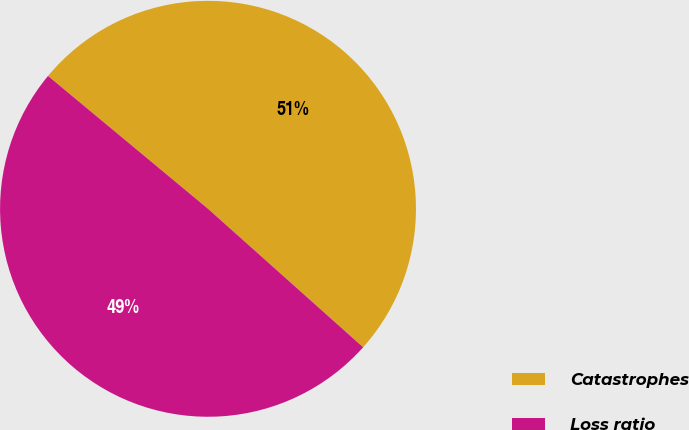<chart> <loc_0><loc_0><loc_500><loc_500><pie_chart><fcel>Catastrophes<fcel>Loss ratio<nl><fcel>50.57%<fcel>49.43%<nl></chart> 
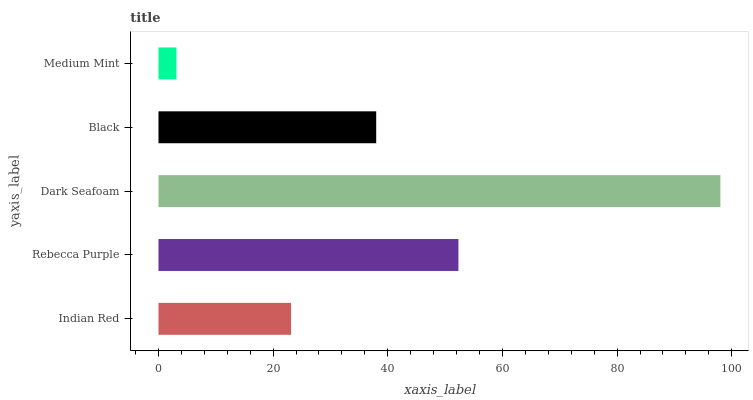Is Medium Mint the minimum?
Answer yes or no. Yes. Is Dark Seafoam the maximum?
Answer yes or no. Yes. Is Rebecca Purple the minimum?
Answer yes or no. No. Is Rebecca Purple the maximum?
Answer yes or no. No. Is Rebecca Purple greater than Indian Red?
Answer yes or no. Yes. Is Indian Red less than Rebecca Purple?
Answer yes or no. Yes. Is Indian Red greater than Rebecca Purple?
Answer yes or no. No. Is Rebecca Purple less than Indian Red?
Answer yes or no. No. Is Black the high median?
Answer yes or no. Yes. Is Black the low median?
Answer yes or no. Yes. Is Indian Red the high median?
Answer yes or no. No. Is Dark Seafoam the low median?
Answer yes or no. No.

####

## Problem description
With the images excluded, output every record verbatim.

## The completed task
<chart> <loc_0><loc_0><loc_500><loc_500><pie_chart><fcel>Catastrophes<fcel>Loss ratio<nl><fcel>50.57%<fcel>49.43%<nl></chart> 
Is Medium Mint the minimum?
Answer yes or no. Yes. Is Dark Seafoam the maximum?
Answer yes or no. Yes. Is Rebecca Purple the minimum?
Answer yes or no. No. Is Rebecca Purple the maximum?
Answer yes or no. No. Is Rebecca Purple greater than Indian Red?
Answer yes or no. Yes. Is Indian Red less than Rebecca Purple?
Answer yes or no. Yes. Is Indian Red greater than Rebecca Purple?
Answer yes or no. No. Is Rebecca Purple less than Indian Red?
Answer yes or no. No. Is Black the high median?
Answer yes or no. Yes. Is Black the low median?
Answer yes or no. Yes. Is Indian Red the high median?
Answer yes or no. No. Is Dark Seafoam the low median?
Answer yes or no. No.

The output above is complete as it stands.